WHAT TO DO:
If a line in the entries below includes the string "volume", copy it out.

(Dataset entries)
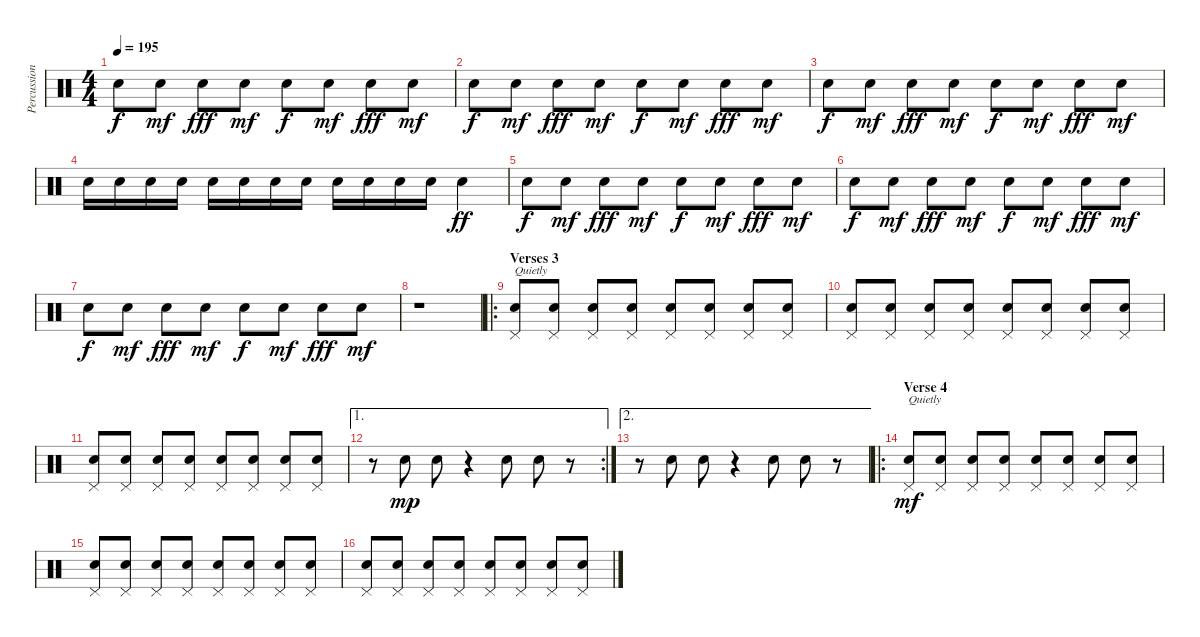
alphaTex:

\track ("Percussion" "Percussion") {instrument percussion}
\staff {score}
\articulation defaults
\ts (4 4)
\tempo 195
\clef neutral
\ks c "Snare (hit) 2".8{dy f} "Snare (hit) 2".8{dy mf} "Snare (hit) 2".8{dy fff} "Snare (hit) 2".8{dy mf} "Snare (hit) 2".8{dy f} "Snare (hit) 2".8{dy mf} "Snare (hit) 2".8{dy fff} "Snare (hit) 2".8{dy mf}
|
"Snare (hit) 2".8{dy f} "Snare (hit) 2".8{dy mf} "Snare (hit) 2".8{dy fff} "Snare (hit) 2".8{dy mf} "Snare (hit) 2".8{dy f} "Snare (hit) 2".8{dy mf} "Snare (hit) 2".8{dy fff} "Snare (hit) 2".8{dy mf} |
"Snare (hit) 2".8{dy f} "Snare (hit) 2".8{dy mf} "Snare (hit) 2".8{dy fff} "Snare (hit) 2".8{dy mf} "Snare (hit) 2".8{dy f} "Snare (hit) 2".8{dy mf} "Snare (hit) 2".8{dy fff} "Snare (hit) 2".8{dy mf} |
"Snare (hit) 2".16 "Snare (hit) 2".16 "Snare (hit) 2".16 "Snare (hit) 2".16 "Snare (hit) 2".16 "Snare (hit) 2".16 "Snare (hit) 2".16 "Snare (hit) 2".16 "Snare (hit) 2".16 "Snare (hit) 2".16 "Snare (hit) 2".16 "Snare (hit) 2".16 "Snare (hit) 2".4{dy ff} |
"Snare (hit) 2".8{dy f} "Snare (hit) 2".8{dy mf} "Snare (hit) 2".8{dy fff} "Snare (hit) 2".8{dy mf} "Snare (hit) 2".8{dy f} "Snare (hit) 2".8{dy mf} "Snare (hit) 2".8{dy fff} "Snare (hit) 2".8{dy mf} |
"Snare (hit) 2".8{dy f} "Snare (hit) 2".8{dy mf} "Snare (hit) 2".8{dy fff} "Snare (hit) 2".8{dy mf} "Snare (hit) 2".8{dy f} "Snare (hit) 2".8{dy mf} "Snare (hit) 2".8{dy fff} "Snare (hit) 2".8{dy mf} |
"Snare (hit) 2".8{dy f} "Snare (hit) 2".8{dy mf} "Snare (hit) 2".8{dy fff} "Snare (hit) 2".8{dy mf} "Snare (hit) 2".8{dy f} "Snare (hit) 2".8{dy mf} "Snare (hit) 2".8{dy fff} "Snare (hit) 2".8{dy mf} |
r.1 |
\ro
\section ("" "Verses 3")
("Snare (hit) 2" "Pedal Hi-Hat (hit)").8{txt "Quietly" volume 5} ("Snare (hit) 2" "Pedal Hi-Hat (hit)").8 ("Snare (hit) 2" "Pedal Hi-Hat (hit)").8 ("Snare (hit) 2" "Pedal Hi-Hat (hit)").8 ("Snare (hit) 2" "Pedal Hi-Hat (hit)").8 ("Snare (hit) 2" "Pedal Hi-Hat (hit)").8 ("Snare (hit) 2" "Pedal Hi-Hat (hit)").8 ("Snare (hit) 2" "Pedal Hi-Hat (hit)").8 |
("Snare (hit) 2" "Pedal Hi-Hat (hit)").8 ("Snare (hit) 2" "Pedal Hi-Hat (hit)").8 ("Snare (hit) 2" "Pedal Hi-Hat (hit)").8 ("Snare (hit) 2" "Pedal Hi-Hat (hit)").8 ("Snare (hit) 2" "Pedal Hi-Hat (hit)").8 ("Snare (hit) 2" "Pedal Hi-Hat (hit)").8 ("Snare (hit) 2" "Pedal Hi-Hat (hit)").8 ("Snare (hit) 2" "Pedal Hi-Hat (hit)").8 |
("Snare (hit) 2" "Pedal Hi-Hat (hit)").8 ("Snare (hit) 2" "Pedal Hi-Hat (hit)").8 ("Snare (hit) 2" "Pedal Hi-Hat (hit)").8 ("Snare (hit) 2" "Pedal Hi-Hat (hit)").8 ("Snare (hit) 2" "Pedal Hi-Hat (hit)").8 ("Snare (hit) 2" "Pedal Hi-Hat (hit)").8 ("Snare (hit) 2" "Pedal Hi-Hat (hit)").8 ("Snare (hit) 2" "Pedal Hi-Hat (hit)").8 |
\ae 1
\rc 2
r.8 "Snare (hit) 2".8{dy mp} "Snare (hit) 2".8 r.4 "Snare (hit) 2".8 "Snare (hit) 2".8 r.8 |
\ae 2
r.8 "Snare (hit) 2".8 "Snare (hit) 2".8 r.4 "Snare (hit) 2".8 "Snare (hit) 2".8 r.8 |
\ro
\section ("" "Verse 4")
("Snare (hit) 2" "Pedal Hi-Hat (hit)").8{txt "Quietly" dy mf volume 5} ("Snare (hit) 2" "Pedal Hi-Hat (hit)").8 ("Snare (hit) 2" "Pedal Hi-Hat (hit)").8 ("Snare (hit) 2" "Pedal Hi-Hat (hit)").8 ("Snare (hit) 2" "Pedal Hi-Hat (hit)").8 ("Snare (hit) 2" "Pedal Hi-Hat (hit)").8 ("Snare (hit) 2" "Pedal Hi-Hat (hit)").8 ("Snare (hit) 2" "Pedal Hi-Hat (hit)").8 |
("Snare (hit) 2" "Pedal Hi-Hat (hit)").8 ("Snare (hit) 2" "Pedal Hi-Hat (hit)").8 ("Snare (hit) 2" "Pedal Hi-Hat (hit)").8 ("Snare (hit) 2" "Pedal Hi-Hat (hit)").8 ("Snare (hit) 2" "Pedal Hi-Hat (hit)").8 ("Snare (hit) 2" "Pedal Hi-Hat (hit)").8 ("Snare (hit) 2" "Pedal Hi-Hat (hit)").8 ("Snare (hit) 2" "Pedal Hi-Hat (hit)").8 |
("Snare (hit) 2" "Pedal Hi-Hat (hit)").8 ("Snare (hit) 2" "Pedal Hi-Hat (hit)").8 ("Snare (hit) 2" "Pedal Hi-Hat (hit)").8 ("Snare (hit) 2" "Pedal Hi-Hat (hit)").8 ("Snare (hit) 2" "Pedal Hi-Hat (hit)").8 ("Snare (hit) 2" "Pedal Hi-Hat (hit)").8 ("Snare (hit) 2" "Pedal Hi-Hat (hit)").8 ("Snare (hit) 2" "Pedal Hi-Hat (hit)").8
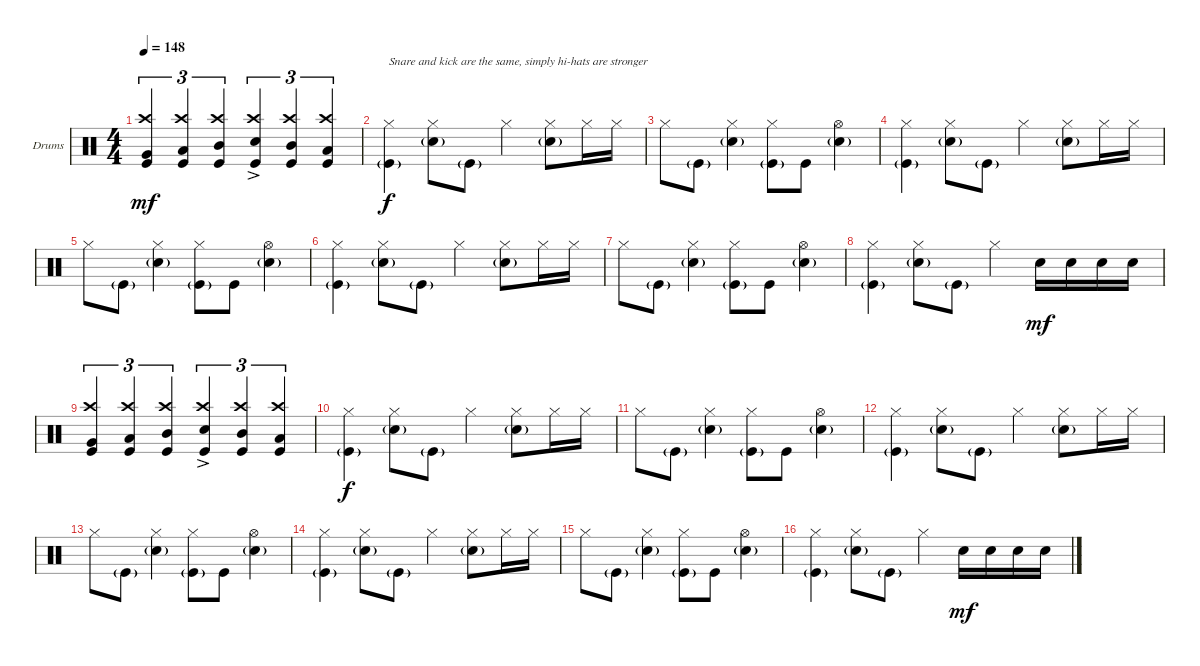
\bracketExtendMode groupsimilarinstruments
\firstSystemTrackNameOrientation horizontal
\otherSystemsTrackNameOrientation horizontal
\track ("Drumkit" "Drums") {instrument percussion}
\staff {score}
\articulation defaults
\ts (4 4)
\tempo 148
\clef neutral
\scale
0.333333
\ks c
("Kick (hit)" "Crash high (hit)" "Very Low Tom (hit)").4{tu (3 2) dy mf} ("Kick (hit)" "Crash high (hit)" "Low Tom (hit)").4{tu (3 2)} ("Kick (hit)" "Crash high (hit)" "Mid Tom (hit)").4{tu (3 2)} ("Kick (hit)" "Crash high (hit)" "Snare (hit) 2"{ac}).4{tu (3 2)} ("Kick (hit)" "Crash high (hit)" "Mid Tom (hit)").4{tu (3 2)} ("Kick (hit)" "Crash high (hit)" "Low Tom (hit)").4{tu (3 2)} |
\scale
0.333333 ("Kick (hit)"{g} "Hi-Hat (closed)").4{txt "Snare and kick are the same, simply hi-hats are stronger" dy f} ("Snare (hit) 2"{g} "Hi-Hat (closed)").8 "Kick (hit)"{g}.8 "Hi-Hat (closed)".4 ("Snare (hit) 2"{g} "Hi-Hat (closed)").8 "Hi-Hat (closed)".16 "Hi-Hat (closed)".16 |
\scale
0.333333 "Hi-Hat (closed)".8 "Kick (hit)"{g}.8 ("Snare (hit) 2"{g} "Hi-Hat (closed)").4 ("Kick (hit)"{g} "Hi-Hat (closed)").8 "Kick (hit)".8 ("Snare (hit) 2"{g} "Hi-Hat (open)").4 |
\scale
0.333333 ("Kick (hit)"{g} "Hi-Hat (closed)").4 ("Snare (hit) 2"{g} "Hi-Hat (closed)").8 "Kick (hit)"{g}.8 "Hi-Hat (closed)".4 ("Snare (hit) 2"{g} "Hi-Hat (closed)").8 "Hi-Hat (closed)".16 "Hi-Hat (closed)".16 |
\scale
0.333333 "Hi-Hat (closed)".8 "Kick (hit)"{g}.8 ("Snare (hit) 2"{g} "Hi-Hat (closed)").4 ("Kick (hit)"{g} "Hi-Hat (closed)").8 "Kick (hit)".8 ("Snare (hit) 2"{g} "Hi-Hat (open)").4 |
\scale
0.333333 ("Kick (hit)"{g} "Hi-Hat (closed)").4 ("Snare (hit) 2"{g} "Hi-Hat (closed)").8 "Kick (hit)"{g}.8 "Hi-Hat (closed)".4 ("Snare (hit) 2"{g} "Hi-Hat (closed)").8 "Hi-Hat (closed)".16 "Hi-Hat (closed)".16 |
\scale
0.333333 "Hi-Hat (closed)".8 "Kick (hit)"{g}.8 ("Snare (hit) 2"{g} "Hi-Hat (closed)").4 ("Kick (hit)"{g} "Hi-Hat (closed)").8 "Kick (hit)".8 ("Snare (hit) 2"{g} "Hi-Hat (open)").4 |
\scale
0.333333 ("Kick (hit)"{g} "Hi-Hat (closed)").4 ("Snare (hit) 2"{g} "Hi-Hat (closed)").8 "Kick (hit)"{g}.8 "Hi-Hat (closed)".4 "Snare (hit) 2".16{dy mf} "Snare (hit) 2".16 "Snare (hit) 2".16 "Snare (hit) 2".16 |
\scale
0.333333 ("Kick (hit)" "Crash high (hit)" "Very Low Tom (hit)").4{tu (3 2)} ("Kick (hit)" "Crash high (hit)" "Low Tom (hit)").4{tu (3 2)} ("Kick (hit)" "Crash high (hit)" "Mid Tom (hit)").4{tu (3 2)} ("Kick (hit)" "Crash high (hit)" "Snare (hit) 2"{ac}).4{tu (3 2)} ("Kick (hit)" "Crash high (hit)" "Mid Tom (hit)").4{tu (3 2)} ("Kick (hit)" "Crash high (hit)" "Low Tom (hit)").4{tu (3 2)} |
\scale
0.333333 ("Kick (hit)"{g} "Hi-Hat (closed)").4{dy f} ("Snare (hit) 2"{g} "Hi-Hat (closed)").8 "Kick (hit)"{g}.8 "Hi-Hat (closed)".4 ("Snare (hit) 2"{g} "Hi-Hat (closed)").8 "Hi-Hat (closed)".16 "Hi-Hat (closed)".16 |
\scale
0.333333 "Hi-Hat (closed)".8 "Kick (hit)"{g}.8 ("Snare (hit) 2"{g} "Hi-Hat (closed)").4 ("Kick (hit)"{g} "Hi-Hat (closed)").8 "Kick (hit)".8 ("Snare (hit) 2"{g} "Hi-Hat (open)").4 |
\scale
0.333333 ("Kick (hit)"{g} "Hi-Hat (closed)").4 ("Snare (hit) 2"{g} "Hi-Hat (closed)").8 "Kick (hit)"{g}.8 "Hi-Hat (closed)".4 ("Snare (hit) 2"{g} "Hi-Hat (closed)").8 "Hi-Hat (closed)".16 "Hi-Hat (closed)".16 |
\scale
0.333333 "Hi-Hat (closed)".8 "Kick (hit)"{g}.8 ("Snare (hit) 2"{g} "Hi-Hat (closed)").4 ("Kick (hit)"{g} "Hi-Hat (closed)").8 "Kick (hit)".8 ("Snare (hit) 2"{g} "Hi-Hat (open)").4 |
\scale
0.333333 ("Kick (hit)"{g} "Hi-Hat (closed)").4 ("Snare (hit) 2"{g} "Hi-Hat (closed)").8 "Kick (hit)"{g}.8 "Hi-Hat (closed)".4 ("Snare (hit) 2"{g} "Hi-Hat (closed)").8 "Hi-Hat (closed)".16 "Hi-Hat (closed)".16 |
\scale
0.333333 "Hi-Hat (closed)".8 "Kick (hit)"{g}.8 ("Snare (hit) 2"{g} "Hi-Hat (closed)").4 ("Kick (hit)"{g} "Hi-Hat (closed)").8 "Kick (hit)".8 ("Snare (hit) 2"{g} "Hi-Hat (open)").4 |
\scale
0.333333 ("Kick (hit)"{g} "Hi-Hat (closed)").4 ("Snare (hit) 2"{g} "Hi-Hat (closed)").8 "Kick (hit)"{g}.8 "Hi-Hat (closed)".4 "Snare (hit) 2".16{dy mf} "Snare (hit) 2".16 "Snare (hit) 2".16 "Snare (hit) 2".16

SOLUTION FOR THIS TASK:
("Snare (hit) 2" "Pedal Hi-Hat (hit)").8{txt "Quietly" volume 5} ("Snare (hit) 2" "Pedal Hi-Hat (hit)").8 ("Snare (hit) 2" "Pedal Hi-Hat (hit)").8 ("Snare (hit) 2" "Pedal Hi-Hat (hit)").8 ("Snare (hit) 2" "Pedal Hi-Hat (hit)").8 ("Snare (hit) 2" "Pedal Hi-Hat (hit)").8 ("Snare (hit) 2" "Pedal Hi-Hat (hit)").8 ("Snare (hit) 2" "Pedal Hi-Hat (hit)").8 |
("Snare (hit) 2" "Pedal Hi-Hat (hit)").8{txt "Quietly" dy mf volume 5} ("Snare (hit) 2" "Pedal Hi-Hat (hit)").8 ("Snare (hit) 2" "Pedal Hi-Hat (hit)").8 ("Snare (hit) 2" "Pedal Hi-Hat (hit)").8 ("Snare (hit) 2" "Pedal Hi-Hat (hit)").8 ("Snare (hit) 2" "Pedal Hi-Hat (hit)").8 ("Snare (hit) 2" "Pedal Hi-Hat (hit)").8 ("Snare (hit) 2" "Pedal Hi-Hat (hit)").8 |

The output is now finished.